Re: Juanita Broaddrick
We will never know the truth behind Juanita Broaddrick's claim that Bill Clinton raped her in a Little Rock hotel room in l978. The most you can say about it, which is also the least you can say about it, is that her story is credible--even if it was pushed into the open by Paula Jones, legitimized by a footnote in the Starr report, promoted on the Internet by the Hillary-killed-Vince-Foster set and forced into the mainstream media by Matt Drudge, Fox News and other practitioners of right-wing sleaze. True, when summoned by Jones's lawyers, Broaddrick signed an affidavit denying the story she is now telling; true, Kenneth Starr and the FBI found her account inconclusive, as they would many other twenty-one-year-old accounts.
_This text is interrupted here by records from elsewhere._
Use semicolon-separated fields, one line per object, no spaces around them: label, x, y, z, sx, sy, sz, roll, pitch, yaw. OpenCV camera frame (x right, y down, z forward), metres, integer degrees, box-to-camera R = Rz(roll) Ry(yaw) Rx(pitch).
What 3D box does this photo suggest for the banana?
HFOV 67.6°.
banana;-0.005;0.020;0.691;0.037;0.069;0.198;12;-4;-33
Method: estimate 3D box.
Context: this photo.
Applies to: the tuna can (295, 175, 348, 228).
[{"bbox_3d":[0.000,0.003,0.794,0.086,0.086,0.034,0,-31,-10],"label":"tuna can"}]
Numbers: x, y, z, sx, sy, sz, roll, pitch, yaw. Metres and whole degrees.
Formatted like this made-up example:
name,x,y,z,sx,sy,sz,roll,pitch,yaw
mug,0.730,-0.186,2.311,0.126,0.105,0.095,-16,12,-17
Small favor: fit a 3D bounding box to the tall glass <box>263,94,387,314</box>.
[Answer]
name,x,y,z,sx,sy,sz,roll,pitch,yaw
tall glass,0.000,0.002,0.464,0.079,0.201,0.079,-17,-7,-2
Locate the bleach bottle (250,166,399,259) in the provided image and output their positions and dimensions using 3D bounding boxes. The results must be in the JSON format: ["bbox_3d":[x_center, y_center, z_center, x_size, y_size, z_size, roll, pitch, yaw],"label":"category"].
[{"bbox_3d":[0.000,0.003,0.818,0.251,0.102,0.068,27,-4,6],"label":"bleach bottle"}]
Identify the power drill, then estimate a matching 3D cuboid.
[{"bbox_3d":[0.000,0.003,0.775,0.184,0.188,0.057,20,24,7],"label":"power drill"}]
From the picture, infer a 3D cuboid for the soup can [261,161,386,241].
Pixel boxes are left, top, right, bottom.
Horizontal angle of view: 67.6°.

But investigations by NBC News and reporting from the Washington Post poked no major holes in it. She has as much corroboration as Anita Hill--friends who say she told them about the assault at the time, one of whom says she saw her immediately after with a bruised and swollen lip. So far as we know, Broaddrick has no motive to lie. Of course, the President's men are right to say you can't disprove an ancient charge like this. But the best Clinton's defenders can come up with is that rape doesn't fit his "MO"--as if, after all the backing and filling and prevaricating and outright lying, we know what this man's MO really is.
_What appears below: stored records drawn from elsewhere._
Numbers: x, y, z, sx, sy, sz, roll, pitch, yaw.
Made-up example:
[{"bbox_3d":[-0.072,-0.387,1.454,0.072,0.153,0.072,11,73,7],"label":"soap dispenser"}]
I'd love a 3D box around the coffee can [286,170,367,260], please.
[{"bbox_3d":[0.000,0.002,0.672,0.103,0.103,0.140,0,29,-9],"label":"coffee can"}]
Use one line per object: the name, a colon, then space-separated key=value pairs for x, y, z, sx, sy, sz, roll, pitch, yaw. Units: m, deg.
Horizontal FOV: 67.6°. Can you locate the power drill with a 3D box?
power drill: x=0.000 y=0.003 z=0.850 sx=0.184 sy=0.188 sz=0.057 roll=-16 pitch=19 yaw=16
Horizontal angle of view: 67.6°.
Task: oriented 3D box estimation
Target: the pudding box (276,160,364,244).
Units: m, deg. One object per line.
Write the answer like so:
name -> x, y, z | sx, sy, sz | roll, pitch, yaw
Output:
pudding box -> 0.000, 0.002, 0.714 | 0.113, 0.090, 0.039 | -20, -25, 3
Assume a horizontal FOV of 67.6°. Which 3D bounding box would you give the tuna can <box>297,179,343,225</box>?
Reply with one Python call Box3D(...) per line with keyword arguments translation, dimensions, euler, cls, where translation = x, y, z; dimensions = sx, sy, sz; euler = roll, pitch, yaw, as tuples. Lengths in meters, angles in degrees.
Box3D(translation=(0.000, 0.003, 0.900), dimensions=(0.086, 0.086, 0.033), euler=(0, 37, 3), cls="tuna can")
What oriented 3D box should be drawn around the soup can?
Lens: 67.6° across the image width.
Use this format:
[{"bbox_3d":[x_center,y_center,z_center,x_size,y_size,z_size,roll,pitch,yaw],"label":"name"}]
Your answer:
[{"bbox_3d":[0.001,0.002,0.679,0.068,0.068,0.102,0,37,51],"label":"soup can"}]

Now that the impeachment trial is over, it's time for progressives to get back to their drawing boards and let Bill Clinton clean up his own mess. If, as NOW president Patricia Ireland said, "There's no way that Bill Clinton can look into the cameras and deny it and have anybody believe it," that is a problem entirely of the President's own making, and it would be a grave mistake for feminists, environmentalists, trade unionists and civil rights and civil liberties advocates to lend him a penny more of their moral capital. For six years too many progressives have given Clinton the benefit of the doubt, whether it was their ill-founded hope that he wouldn't sign the Personal Responsibility Act or the equally ill-founded skepticism about the existence in an unlaundered state of a certain blue dress. We've seen Jesse Jackson hailing "our President" as the bombs were falling on Iraq and Barney Frank defending--wittily, tirelessly--the man who signed the Defense of Marriage Act. As the anti-impeachment slogan put it, enough is enough.
Feminists in particular have nothing to gain, and much to lose, by rallying to the President in this matter. It's one thing to distinguish carefully between sexual harassment and sexual hi-jinks in the Oval Office; rape is something else again. What feminists should do now is to stop playing to Bill Clinton's agenda and step up the pressure for our own. Women should turn up the heat for mandatory health insurance coverage of contraception, swift passage of the Violence Against Women Act II and, above all, justice for Clinton's other victims--the women and children pushed off public assistance by welfare reform. Perhaps the Republicans who called Anita Hill an erotomaniac with "proclivities" would like to prove the genuineness of their sudden conversion to the anti-violence-against-women movement by joining in.